The table shows the result of division by 1^ and 1v.
/ | 1^ | 1v |
1^ | 1^ | 1v |
1v | 1v | 1^ |
Simple Division with R1 Opposite Values
- 1^/0 – undefined
- 1v/0 – undefined
As in classical numbers, you cannot divide by 0.
- 6^/3^ = 2^
- 6v/3^ = 2v
- 6^/3v = 2v and 3v/6^ = 1/2v
- This shows that division is not commutative.
- (24^/8v)/2v = 3v/2v = 3/2^
- 24^/(8v/2v) = 24^/4^ = 6^
- This shows that division is not associative.

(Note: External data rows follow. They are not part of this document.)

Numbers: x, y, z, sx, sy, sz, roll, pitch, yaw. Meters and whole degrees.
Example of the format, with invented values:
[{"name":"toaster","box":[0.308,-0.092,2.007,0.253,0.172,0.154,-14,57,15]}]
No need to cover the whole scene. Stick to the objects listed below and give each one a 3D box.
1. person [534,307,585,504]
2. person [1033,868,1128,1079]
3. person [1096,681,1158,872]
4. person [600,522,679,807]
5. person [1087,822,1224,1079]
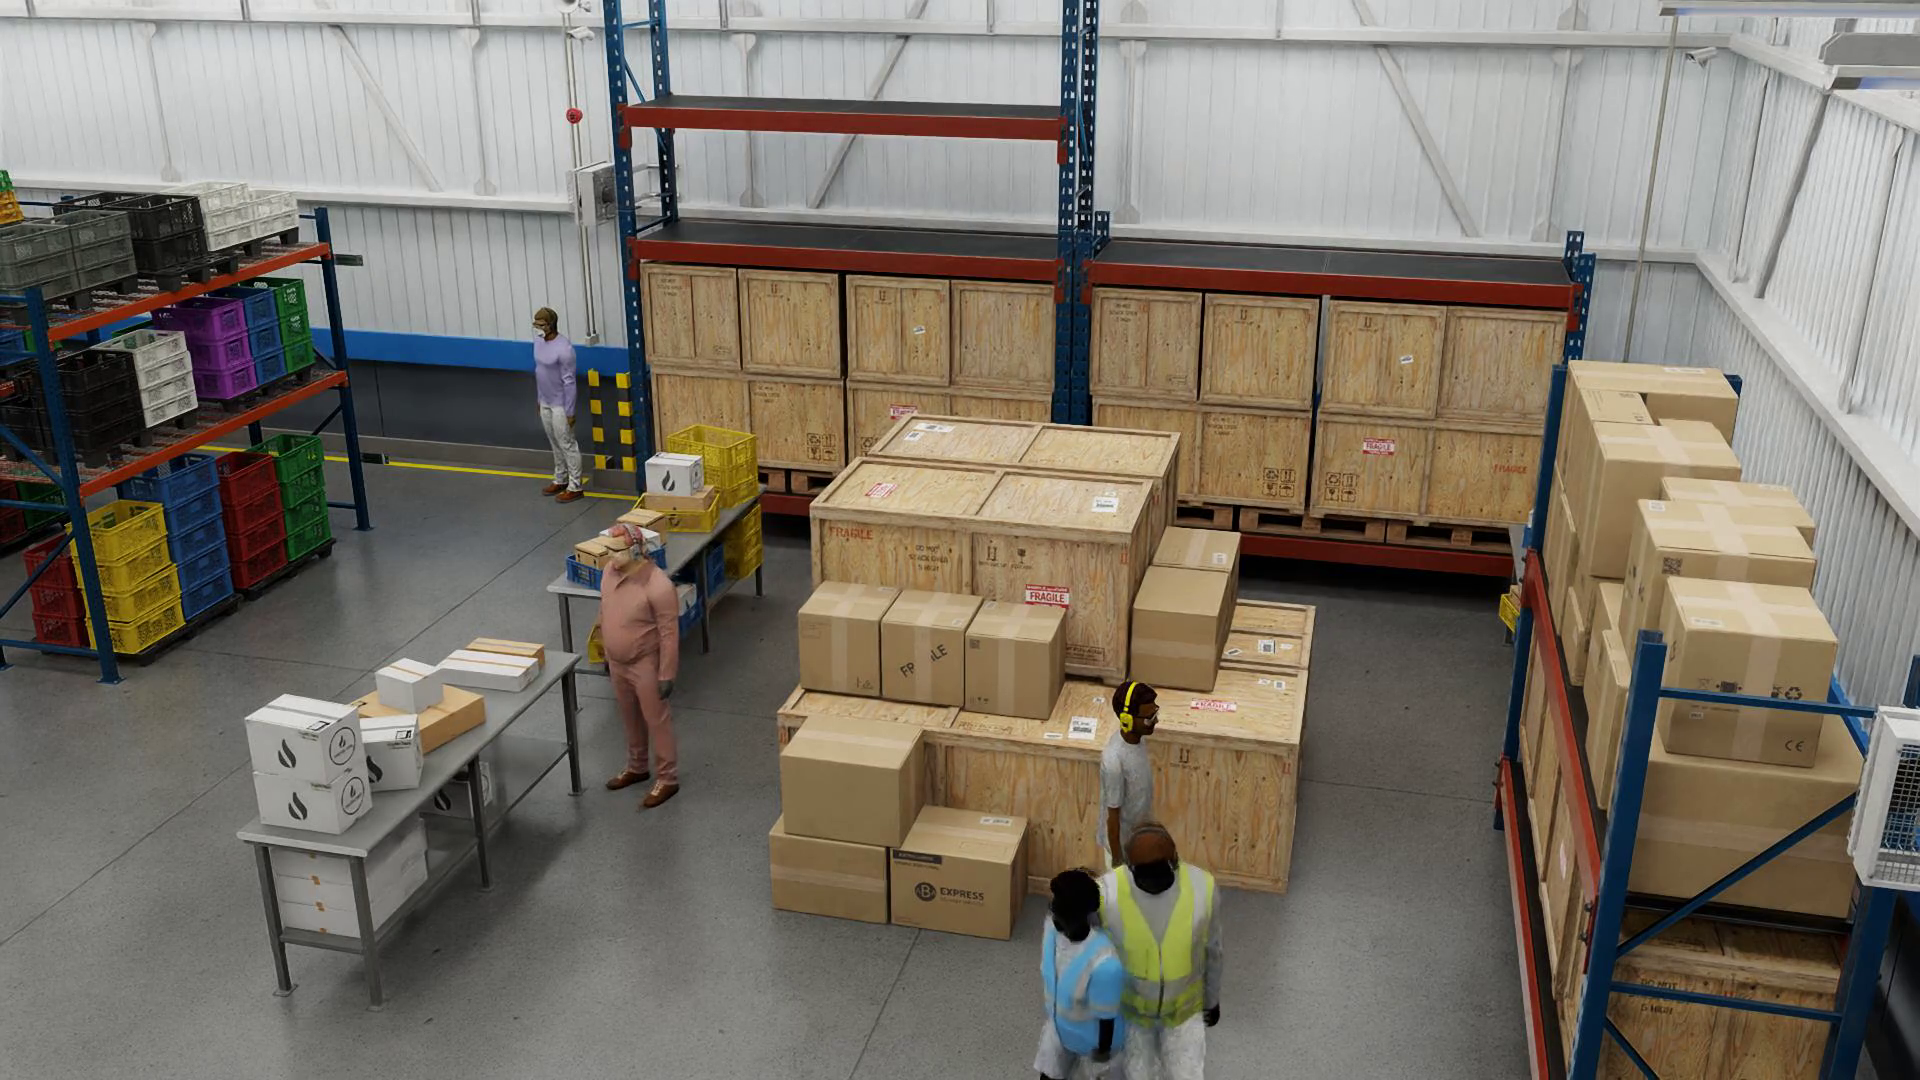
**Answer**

- (11^ + 5v)/(2^ + 5v) = 6^/3v = 2v
A flip sign in front of an Opposite Value means that the Opposite Sign should be changed to the other Opposite Sign before division
- 6^/–3v = 6^/3^ = 2^
- –6^/–3v = 6v/3^ = 2v = 6^/3v
- Two flips cancel each other out
Simple Division with R1 Counters
- 6v/3 = 2v
- 6/3 = 2
- Division of two counters can only happen when associated with a term or an Opposite Value.
- 6^/–3 = 2v
- Flipping by the Operator is possible in division. In other words, flipping by the Operator implies the result is flipped.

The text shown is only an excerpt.